Но далее Леви смягчается. «Я не любил его и не хотел видеть, — пишет он о Мейере, — но все же питал к нему некоторое уважение… Он не был трусом, не был глух или циничен, не приспосабливался, он пытался разобраться в собственном прошлом, но у него не сходились концы с концами, а когда он все же пытался их свести, то, возможно, немного жульничал». Его «осуждение нацизма было робким и уклончивым, но он не пытался его оправдать».
В конце концов, Леви решил, что Мейер не был «ни мерзавцем, ни героем», и его — они изложены в письмах — шаблонные представления о присущих человеку зле, варварстве и надежде казались Леви «лучше, чем напыщенная тупость других немцев: его усилия преодолеть прошлое были неуклюжи, немного нелепы и безрадостны, но, вызывая раздражение, все же не были непристойны.

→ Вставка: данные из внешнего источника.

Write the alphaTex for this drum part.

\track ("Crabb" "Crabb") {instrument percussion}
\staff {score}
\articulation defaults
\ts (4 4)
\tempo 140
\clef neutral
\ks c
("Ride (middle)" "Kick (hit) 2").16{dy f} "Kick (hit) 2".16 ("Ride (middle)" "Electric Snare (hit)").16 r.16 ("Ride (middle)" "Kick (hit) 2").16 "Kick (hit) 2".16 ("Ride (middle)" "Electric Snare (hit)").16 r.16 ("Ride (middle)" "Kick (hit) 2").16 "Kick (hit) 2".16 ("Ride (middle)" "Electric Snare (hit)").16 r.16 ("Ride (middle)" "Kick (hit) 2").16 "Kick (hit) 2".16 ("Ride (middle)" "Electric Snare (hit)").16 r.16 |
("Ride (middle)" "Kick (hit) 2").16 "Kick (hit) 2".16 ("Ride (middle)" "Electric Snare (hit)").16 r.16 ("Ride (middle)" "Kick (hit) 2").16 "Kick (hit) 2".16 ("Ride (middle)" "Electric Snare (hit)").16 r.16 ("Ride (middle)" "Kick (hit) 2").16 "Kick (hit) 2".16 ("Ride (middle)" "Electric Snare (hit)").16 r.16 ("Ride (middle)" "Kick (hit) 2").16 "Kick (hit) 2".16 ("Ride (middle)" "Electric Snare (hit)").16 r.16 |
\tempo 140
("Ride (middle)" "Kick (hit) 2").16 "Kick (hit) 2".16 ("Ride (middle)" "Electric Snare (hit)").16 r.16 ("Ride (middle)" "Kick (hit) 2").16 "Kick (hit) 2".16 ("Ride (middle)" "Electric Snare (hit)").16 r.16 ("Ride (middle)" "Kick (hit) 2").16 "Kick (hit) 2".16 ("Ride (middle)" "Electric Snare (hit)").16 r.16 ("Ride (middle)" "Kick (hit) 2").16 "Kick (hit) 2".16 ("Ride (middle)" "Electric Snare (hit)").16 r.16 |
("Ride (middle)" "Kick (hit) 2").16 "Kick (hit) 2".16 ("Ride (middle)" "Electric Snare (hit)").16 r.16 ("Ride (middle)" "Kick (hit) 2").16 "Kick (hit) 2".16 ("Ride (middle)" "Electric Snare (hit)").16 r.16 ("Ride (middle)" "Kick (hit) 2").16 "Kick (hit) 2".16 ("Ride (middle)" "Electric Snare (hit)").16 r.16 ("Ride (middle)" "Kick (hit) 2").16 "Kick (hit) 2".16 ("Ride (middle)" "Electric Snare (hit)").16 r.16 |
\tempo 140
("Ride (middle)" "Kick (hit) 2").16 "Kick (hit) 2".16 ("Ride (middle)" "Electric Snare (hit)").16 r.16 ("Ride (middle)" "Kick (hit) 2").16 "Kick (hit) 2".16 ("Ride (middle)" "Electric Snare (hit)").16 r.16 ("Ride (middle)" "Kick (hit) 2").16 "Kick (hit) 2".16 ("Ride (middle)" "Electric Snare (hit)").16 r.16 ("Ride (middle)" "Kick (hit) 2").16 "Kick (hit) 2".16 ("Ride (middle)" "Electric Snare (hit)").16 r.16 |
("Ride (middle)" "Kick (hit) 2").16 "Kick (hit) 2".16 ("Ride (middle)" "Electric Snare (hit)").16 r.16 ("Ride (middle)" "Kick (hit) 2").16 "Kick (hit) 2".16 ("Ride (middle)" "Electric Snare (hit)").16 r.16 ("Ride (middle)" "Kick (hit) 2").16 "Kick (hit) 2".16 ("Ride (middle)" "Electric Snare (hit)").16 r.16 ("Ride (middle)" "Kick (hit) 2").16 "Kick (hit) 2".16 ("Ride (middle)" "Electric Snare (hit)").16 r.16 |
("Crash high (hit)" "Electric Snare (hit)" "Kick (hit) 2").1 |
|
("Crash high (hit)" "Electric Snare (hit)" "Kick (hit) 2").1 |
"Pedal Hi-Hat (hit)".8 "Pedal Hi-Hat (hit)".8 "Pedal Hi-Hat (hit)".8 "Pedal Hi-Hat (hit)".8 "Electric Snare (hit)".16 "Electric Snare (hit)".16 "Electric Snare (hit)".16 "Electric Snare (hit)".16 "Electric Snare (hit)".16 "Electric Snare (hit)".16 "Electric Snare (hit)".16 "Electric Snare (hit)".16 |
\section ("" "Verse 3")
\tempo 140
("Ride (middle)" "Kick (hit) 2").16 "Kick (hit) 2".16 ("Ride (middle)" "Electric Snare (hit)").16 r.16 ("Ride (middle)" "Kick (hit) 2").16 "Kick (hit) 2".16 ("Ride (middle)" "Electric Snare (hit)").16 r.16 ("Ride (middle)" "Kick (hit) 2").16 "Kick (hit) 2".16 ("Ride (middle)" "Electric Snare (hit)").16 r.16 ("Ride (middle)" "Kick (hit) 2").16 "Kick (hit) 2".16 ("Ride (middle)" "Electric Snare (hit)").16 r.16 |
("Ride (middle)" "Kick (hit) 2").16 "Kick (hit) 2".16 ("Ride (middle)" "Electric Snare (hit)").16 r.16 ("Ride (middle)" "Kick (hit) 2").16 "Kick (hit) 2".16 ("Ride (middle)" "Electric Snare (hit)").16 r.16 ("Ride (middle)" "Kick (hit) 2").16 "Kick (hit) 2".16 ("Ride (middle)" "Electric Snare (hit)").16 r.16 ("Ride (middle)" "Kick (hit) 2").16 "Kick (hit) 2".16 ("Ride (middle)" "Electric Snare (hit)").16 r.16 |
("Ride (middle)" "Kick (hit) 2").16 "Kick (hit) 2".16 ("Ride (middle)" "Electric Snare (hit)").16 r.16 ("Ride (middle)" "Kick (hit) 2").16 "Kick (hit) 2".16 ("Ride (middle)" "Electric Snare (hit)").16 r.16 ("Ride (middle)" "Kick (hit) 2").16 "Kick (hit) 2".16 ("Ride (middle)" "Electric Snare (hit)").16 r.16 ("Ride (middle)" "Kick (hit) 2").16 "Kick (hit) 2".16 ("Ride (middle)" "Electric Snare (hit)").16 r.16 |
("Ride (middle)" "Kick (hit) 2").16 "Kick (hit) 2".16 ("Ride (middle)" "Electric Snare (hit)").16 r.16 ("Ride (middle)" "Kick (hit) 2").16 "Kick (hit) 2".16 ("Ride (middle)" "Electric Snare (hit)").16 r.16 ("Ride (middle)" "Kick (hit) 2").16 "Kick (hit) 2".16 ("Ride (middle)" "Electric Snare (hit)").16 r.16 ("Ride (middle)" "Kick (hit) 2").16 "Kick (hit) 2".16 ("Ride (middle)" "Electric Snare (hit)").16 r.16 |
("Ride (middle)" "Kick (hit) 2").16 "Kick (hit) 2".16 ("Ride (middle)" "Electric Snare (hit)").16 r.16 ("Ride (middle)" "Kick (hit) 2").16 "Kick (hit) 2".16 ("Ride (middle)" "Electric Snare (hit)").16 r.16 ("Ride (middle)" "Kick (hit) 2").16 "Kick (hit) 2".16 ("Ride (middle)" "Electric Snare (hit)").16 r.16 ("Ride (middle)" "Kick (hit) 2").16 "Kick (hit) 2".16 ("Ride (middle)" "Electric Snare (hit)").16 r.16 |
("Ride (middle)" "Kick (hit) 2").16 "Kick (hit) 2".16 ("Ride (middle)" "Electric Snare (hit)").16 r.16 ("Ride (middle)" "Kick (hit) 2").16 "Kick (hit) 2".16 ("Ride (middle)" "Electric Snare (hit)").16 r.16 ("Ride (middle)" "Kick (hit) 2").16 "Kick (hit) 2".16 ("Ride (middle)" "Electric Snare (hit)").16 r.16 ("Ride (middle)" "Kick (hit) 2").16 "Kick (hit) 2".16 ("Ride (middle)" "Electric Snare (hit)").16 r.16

И разве он не дал мне башмаки?» После отчаянного звонка Мейера Леви согласился с ним встретиться, но эта встреча так и не состоялась: Мейер внезапно умер от сердечного приступа. Остались лишь отлично изложенные размышления Примо Леви об увертках и отговорках Мейера — и его, Леви, собственных усилиях достойно ответить немецкому химику.
Лишь очень немногие смогли уцелеть в лагере, не поступившись в той или иной степени своими представлениями о нравственности, писал Леви, и сам он не принадлежал к их числу. Он осознавал собственные нравственные утраты, как и то, что нельзя сравнивать вину жертв и вину убийц. Леви никогда не был жестоким, но он научился с безразличием наблюдать страдания других, как того и требовал страшный закон лагеря. Готовые принять смерть доходяги просто вызывали у него отвращение, убогие заключенные с их жалобами на тяжелую долю были бесполезны, а потому их следовало избегать.
Самым жестоким в Освенциме было то, что выживание одного, казалось, украдено у другого. Леви думал, что пережил селекцию октября 1944 года только потому, что эсэсовский офицер, определявший на глаз, кому жить, а кого отправить в газовую камеру, перепутал его с более крепким заключенным по имени Рене, который стоял рядом с ним в шеренге.
Эта особенность лагерной жизни, с таким мастерством показанная в книге «Человек ли это?», замещает более тяжкую утрату автора. Ванду Маэстро, возлюбленную Леви, депортировали в Аушвиц вместе с ним. Осенью 1944 года один итальянский друг увидел ее, «белую как мел», и услышал, как она сказала «эти ужасные слова, которые невозможно забыть: “Io non ritornerò” — “Я не вернусь домой”». В январе 1945 года Леви узнал, что Ванду, уже превратившуюся в живой скелет, несколько месяцев тому назад отправили в газовую камеру. «Я с поразительной ясностью осознал, что буду страдать из‑за ее гибели», — сказал он. «Леви предпочел бы умереть вместо Ванды», — пишет Йен Томсон.
В октябре 1945 года после долгих скитаний по советской зоне Леви добрался до Турина; первую ночь дома он спал, положив под подушку кусок хлеба. Своими воспоминаниями об Аушвице он делился со всеми, кто соглашался его слушать. Однажды в поезде какой‑то пассажир случайно подслушал Леви и попросил говорить громче — так захватил его рассказ.
Как и в этом поезде, Примо Леви заставляет слушать себя в своих книгах, причем слушать не только историю уничтожения евреев, но и столь же пронзительные истории, оставившие глубокие рубцы в более поздних временах. Он все еще требует, чтобы мы его слушали.